Haven't I done this here ?
<fieldType name="text_field" class="solr.TextField"
positionIncrementGap="100" omitNorms="false" >
<analyzer type="index">
<tokenizer class="solr.StandardTokenizerFactory"/>
<filter class="solr.ClassicFilterFactory"/>
<filter class="solr.LengthFilterFactory" min="2" max="20"/>
<filter class="solr.LowerCaseFilterFactory"/>
<filter class="solr.StopFilterFactory" ignoreCase="true"
words="stopwords.txt"/>
</analyzer>
> On 5 Nov 2019, at 14:15, David Hastings <[email protected]> wrote:
>
> Fwd to another server
>
> The first thing you should do is remove any reference to stop words and
> never use them, then re-index your data and try it again.
>
> On Tue, Nov 5, 2019 at 9:14 AM Guilherme Viteri <[email protected]> wrote:
>
>> Hi,
>>
>> I am performing a search to match a name (text_field), however this term
>> contains 'and' and 'a' and it doesn't return any records. If i remove 'a'
>> then it works.
>> e.g
>> Search Term: lymphoid and a non-lymphoid cell
>> doesn't work:
>> https://dev.reactome.org/content/query?q=lymphoid+and+a+non-lymphoid+cell&species=Homo+sapiens&species=Entries+without+species&cluster=true
>> <
>> https://dev.reactome.org/content/query?q=lymphoid+and+a+non-lymphoid+cell&species=Homo+sapiens&species=Entries+without+species&cluster=true
>>>
>>
>> Search term: lymphoid and non-lymphoid cell
>> works:
>> https://dev.reactome.org/content/query?q=lymphoid+and+non-lymphoid+cell&species=Homo+sapiens&species=Entries+without+species&cluster=true
>> <
>> https://dev.reactome.org/content/query?q=lymphoid+and+non-lymphoid+cell&species=Homo+sapiens&species=Entries+without+species&cluster=true
>>>
>> interested in the first result
>>
>> schema.xml
>> <field name="name" type="text_field"
>> indexed="true" stored="true" omitNorms="false" required="true"
>> multiValued="false"/>
>>
>> <analyzer type="query">
>> <tokenizer class="solr.PatternTokenizerFactory"

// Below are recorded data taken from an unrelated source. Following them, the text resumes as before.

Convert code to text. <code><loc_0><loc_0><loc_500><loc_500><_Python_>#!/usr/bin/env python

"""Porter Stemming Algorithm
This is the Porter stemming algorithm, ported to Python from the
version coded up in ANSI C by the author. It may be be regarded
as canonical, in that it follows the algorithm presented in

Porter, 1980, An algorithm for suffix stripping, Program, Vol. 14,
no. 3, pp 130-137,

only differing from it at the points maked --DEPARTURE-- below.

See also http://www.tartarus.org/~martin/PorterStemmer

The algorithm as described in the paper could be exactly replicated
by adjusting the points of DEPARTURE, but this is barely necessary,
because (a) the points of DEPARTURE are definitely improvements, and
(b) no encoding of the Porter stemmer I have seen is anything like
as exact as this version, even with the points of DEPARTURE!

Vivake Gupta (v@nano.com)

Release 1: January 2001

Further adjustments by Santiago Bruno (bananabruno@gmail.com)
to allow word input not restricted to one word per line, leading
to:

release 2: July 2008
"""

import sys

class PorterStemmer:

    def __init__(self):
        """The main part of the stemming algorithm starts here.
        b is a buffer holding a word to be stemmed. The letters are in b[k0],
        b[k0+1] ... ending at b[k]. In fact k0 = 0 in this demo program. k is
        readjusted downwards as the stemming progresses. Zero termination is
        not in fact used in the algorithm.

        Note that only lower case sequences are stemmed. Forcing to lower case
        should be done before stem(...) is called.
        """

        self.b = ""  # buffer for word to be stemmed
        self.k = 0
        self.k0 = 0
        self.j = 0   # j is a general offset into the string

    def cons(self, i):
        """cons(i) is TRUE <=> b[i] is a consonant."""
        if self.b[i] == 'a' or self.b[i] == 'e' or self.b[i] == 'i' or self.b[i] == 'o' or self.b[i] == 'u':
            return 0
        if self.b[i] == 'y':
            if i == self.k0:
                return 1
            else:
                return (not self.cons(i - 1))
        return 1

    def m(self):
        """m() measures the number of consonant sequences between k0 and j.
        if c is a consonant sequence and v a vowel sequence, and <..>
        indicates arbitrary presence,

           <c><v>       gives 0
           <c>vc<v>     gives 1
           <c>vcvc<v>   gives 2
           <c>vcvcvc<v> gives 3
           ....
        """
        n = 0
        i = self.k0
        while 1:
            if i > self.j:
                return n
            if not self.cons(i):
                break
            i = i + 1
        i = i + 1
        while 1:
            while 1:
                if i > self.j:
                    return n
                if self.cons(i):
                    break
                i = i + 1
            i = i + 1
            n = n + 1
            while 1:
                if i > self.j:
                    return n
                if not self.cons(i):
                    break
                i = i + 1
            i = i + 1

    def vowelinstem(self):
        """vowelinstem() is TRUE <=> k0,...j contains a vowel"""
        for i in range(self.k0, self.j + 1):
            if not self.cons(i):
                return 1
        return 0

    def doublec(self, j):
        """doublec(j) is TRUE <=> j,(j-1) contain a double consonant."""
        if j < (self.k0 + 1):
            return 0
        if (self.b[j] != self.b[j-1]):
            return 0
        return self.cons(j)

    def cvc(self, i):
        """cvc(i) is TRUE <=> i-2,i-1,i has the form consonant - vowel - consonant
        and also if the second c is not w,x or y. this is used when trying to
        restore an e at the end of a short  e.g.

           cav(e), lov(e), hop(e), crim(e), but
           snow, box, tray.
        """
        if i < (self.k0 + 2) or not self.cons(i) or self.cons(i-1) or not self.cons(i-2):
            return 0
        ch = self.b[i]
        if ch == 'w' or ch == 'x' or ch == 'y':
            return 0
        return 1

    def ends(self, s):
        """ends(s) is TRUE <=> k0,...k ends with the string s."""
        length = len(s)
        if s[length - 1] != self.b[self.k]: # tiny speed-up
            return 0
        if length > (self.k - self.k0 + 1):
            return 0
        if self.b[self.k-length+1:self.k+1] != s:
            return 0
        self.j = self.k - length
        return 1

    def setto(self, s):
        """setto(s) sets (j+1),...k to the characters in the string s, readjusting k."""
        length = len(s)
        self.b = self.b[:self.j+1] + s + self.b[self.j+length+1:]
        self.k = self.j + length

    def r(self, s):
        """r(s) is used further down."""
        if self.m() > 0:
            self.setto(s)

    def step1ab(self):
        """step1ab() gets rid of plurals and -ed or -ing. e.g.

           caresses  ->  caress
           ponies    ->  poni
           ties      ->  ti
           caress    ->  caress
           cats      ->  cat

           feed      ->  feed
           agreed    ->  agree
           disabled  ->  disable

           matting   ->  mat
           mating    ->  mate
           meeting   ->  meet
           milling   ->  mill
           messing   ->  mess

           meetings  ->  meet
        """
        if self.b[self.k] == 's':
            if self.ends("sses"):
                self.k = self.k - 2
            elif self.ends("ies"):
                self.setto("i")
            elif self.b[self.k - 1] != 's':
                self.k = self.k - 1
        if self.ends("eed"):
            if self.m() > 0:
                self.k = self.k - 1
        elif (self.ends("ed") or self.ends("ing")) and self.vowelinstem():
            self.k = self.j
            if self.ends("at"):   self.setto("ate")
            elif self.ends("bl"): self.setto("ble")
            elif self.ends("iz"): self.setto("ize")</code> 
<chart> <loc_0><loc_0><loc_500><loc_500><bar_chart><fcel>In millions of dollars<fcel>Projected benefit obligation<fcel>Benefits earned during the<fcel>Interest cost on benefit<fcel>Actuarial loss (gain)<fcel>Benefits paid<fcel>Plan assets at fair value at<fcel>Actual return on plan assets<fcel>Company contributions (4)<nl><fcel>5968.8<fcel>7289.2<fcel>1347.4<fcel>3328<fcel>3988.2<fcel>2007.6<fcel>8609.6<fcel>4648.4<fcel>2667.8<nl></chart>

>> pattern="[^a-zA-Z0-9/._:]"/>
>> <filter class="solr.PatternReplaceFilterFactory"
>> pattern="^[/._:]+" replacement=""/>
>> <filter class="solr.PatternReplaceFilterFactory"
>> pattern="[/._:]+$" replacement=""/>
>> <filter class="solr.PatternReplaceFilterFactory"

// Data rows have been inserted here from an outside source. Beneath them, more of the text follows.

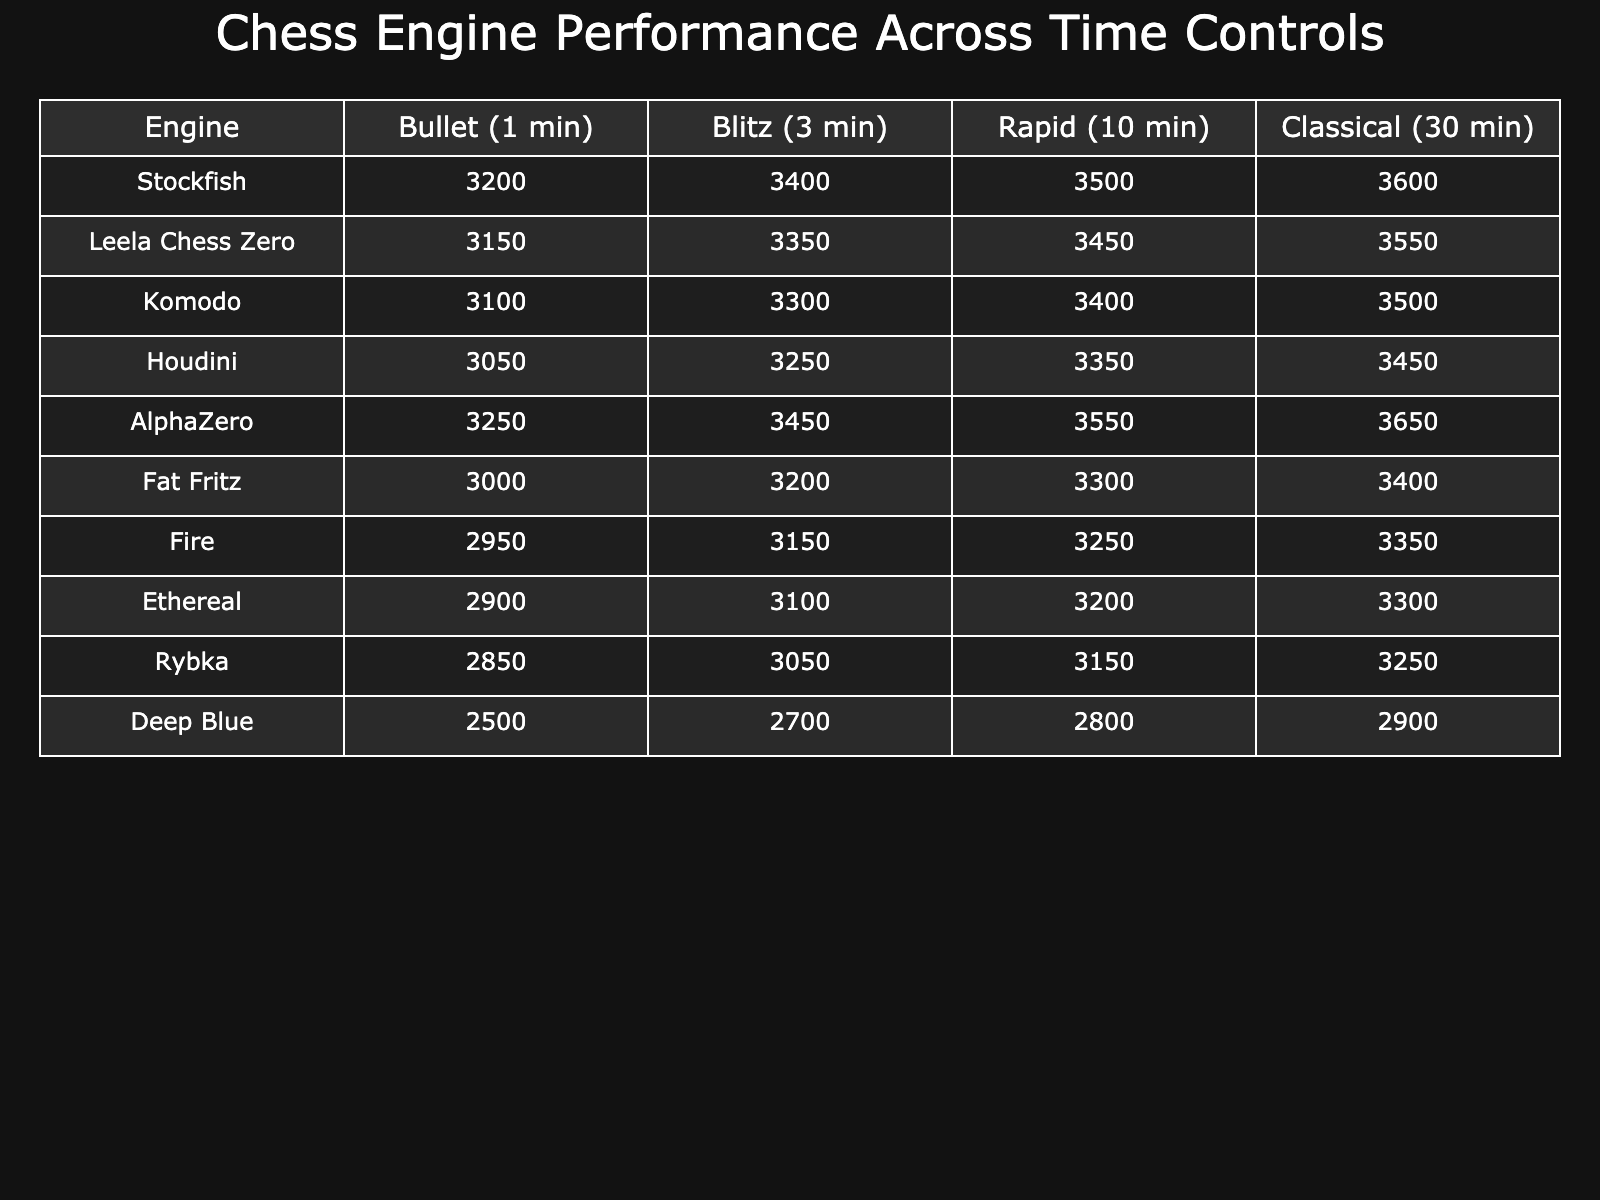What is the highest performance score in the Bullet category? Looking at the Bullet category's scores, Stockfish has the highest value at 3200.
Answer: 3200 Which chess engine has the lowest performance score in the Classical category? In the Classical category, Deep Blue has the lowest score at 2900, which is lower than all the other engines listed.
Answer: 2900 What is the average performance score for Leela Chess Zero across all time controls? The scores for Leela Chess Zero are 3150, 3350, 3450, and 3550. Adding these gives 3150 + 3350 + 3450 + 3550 = 13500. Dividing by the 4 categories, 13500 / 4 = 3375.
Answer: 3375 Is it true that AlphaZero performs better than Stockfish in all time controls? Comparing the scores in each category, AlphaZero outperforms Stockfish in Bullet and Blitz but is outperformed by Stockfish in Rapid and Classical. So, it is false.
Answer: False What is the difference in performance score between the highest and lowest performing engines in the Blitz category? The highest score in the Blitz category is Stockfish with 3400 and the lowest is Deep Blue with 2700. The difference is 3400 - 2700 = 700.
Answer: 700 What is the total performance score of Ethereal across all time controls? Ethereal's scores are 2900, 3100, 3200, and 3300. Summing these gives 2900 + 3100 + 3200 + 3300 = 12500.
Answer: 12500 Which two engines have the closest performance scores in the Rapid category? Looking at the Rapid scores, Komodo at 3400 and Houdini at 3350 have a difference of only 50, which is the smallest among the competitors.
Answer: Komodo and Houdini What is the average performance score across all engines for the Bullet category? The Bullet scores are 3200, 3150, 3100, 3050, 3250, 3000, 2950, 2900, 2850, and 2500. Summing them gives 3200 + 3150 + 3100 + 3050 + 3250 + 3000 + 2950 + 2900 + 2850 + 2500 = 29500. Dividing by 10 gives 29500 / 10 = 2950.
Answer: 2950 Which chess engine improved its score the most from Blitz to Classical? Comparing the Blitz and Classical scores for each engine, AlphaZero's score improves from 3450 in Blitz to 3650 in Classical, a gain of 200. No other engine has as large of an improvement.
Answer: AlphaZero What is the median performance score of Deep Blue across all time controls? The scores for Deep Blue are 2500, 2700, 2800, and 2900. Out of four numbers, the median is the average of the two middle values (2700 and 2800), which is (2700 + 2800) / 2 = 2750.
Answer: 2750

>> pattern="[_]" replacement=" "/>
>> <filter class="solr.LengthFilterFactory" min="2" max="20"/>
>> <filter class="solr.LowerCaseFilterFactory"/>
>> <filter class="solr.StopFilterFactory" ignoreCase="true"
>> words="stopwords.txt"/>
>> </analyzer>
>>
>> <fieldType name="text_field" class="solr.TextField"
>> positionIncrementGap="100" omitNorms="false" >
>> <analyzer type="index">
>> <tokenizer class="solr.StandardTokenizerFactory"/>
>> <filter class="solr.ClassicFilterFactory"/>
>> <filter class="solr.LengthFilterFactory" min="2" max="20"/>
>> <filter class="solr.LowerCaseFilterFactory"/>
>> <filter class="solr.StopFilterFactory" ignoreCase="true"
>> words="stopwords.txt"/>
>> </analyzer>
>> <analyzer type="query">
>> <tokenizer class="solr.PatternTokenizerFactory"
>> pattern="[^a-zA-Z0-9/._:]"/>
>> <filter class="solr.PatternReplaceFilterFactory"
>> pattern="^[/._:]+" replacement=""/>
>> <filter class="solr.PatternReplaceFilterFactory"
>> pattern="[/._:]+$" replacement=""/>
>> <filter class="solr.PatternReplaceFilterFactory"
>> pattern="[_]" replacement=" "/>
>> <filter class="solr.LengthFilterFactory" min="2" max="20"/>
>> <filter class="solr.LowerCaseFilterFactory"/>
>> <filter class="solr.StopFilterFactory" ignoreCase="true"
>> words="stopwords.txt"/>
>> </analyzer>
>> </fieldType>
>>
>> stopwords.txt
>> #Standard english stop words taken from Lucene's StopAnalyzer
>> a
>> b
>> c
>> ....
>> an
>> and
>> are
>>
>> Running SolR 6.6.2.
>>
>> Is there anything I could do to prevent this ?
>>
>> Thanks
>> Guilherme